▸ Problem
Among the following entries, count the lines that contain "France" and report only the result.

▸ Entries shown

^^^^^^^^

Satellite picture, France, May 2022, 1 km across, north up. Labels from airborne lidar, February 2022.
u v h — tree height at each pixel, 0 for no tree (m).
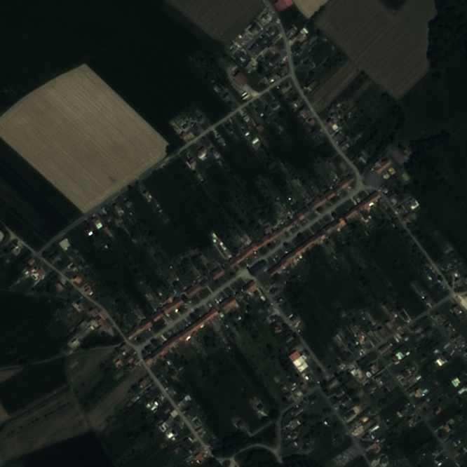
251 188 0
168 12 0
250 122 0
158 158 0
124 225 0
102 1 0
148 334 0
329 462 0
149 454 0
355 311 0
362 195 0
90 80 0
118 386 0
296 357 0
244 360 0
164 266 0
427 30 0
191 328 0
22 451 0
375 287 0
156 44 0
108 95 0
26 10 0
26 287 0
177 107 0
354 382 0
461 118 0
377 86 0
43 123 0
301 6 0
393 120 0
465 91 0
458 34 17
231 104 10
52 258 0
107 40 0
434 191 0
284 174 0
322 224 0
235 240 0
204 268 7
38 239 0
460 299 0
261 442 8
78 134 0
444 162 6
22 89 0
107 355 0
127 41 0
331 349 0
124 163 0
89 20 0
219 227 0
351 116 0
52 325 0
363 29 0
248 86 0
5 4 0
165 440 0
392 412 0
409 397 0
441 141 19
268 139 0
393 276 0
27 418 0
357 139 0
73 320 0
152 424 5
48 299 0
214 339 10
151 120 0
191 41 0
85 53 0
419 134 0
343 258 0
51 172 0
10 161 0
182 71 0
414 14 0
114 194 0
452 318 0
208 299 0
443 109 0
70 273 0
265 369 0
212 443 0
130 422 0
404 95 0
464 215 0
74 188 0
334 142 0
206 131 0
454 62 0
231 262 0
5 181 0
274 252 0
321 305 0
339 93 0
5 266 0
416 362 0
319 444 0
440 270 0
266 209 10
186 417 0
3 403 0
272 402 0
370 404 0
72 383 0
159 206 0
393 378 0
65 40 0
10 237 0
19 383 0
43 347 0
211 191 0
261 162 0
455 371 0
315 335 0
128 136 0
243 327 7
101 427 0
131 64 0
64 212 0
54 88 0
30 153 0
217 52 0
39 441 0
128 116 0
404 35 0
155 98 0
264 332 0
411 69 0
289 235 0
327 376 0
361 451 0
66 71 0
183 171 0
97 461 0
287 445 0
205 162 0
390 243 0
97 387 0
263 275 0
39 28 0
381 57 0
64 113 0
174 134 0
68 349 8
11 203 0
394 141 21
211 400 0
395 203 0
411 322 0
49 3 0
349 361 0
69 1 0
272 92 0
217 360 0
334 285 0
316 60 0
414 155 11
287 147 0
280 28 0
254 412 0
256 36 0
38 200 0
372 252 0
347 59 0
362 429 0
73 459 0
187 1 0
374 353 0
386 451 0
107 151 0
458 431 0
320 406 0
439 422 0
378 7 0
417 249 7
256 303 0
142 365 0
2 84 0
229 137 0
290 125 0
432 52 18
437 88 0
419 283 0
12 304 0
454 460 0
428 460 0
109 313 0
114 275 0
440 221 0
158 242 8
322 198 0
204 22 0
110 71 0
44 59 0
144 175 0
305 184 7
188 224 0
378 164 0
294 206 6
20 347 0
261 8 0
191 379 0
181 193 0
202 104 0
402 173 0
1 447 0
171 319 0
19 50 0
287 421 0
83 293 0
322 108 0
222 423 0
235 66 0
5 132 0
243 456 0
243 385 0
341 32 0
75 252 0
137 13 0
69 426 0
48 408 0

^^^^^^^^

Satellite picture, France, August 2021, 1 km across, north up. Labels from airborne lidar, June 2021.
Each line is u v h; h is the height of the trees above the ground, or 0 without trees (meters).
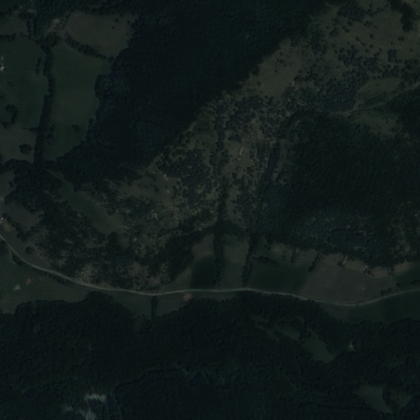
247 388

^^^^^^^^

▸ Exercise response
2